14. As per report under Section 173 Cr.P.C., there are allegations that after entering into conspiracy to select Panchayat Secretaries against monetary consideration committed forgery in various records and used the forged record as genuine and destroyed the evidence to justify their illegal acts and thus earned huge ill-gotten money by abusing their official position as pubic servant. It is also in the report under Section 173 Cr.P.C. that Hand-writing Expert has confirmed forging of the documents. It is also in the report under Section 173 Cr.P.C. that the investigation further revealed that after the interviews were completed, the Chairmen of the Selection Committees in order to accommodate more candidates again got prepared the duplicate sets of interview-sheets and got filled-up; columns No.5 to 17 from the assisting staff regarding marks on the basis of testimonials of the candidates. Subsequently, the Chairmen of all the four Selection Committees, allotted marks for the personality test in the relevant column of the second set of interview-sheets so as to include the names of additional candidates, who had been recommended by Shri Nirmal Singh Kahlon, Mandeep Singh, J.S. Kesar, Vikas Sharma besides their own candidates. Joginder Singh (Approver) stated that the interview-sheets were prepared again and again and the ones prepared earlier were destroyed by tearing out.

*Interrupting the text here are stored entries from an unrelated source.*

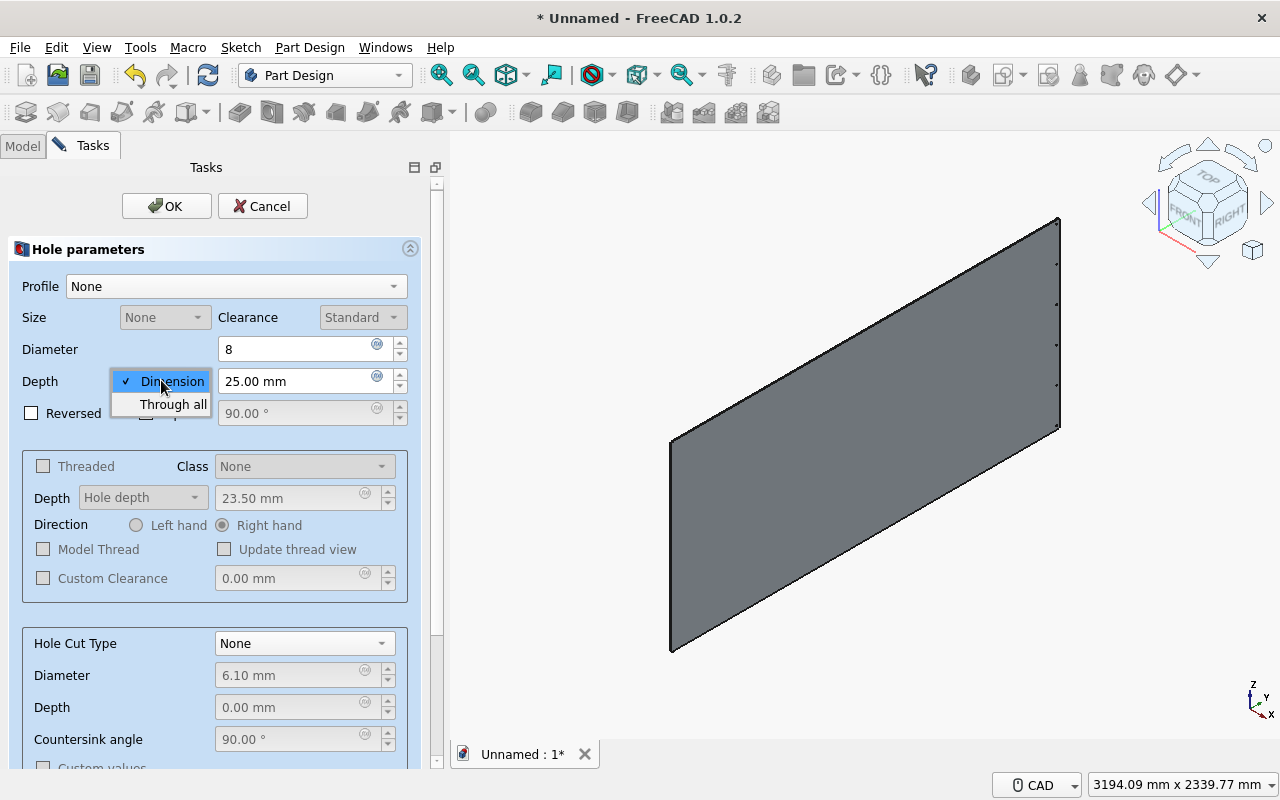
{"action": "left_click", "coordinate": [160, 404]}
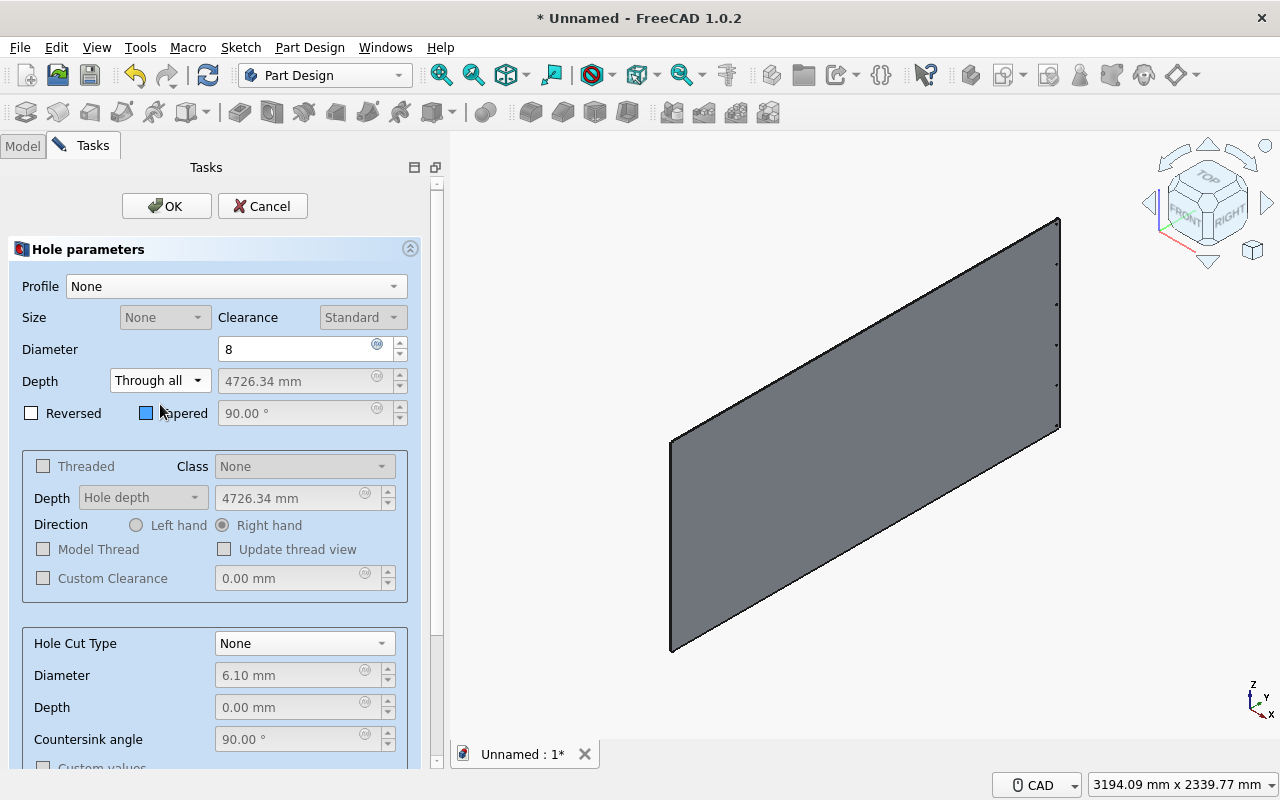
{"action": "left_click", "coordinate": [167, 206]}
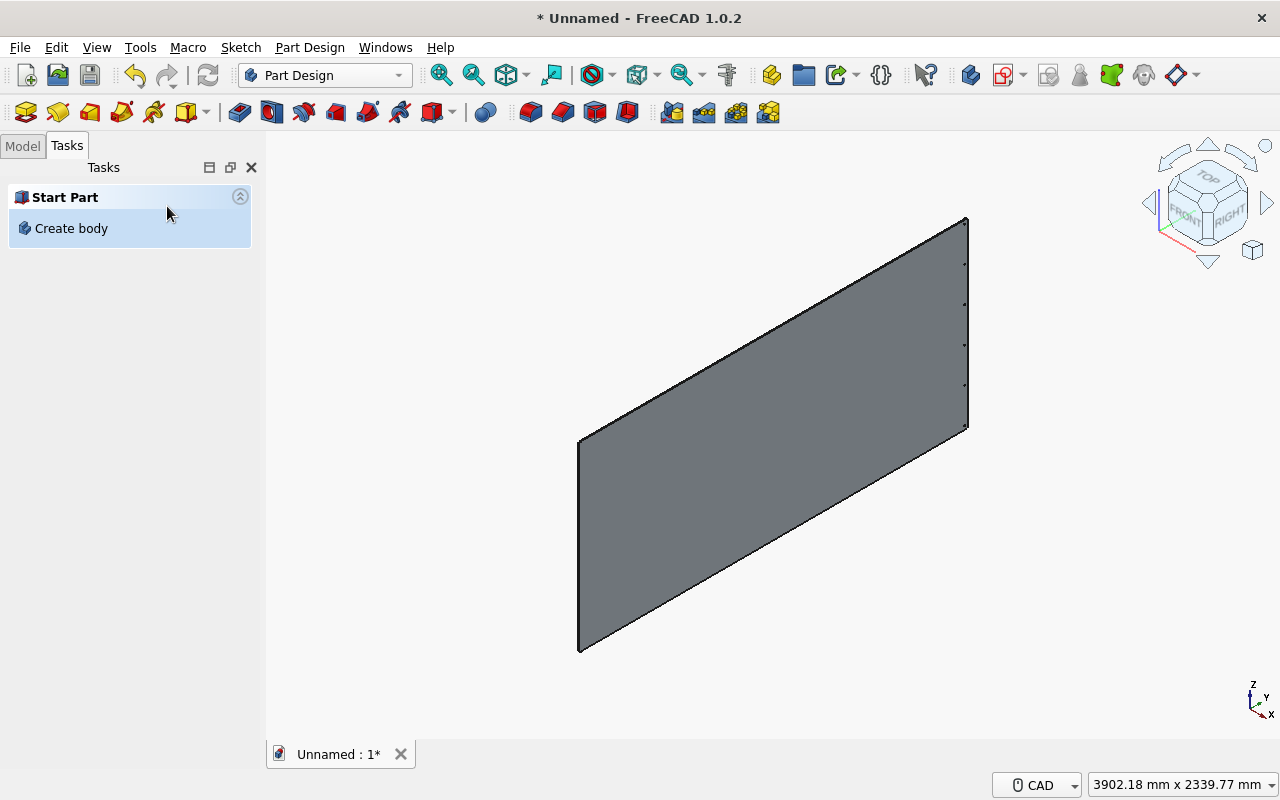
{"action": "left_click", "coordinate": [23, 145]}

15. Keeping in view the allegations in the report under Section 173 Cr.P.C. these acts cannot be held as done in performance of the official duties nor it can be held that these acts are having reasonable connection in performance with the official duties.
16. Therefore, from the above discussion, the impugned order dated 9.7.2010 passed by learned Special Judge, C.B.I., Punjab, Patiala is correct as per law and no illegality has been committed and the same is upheld.
17. Finding no merit in the criminal revision petition, the same is dismissed.
18. Nothing stated herein shall be construed as an expression of opinion on the merits of the case and the learned trial Court shall consider the case on the basis of evidence and material as produced before it.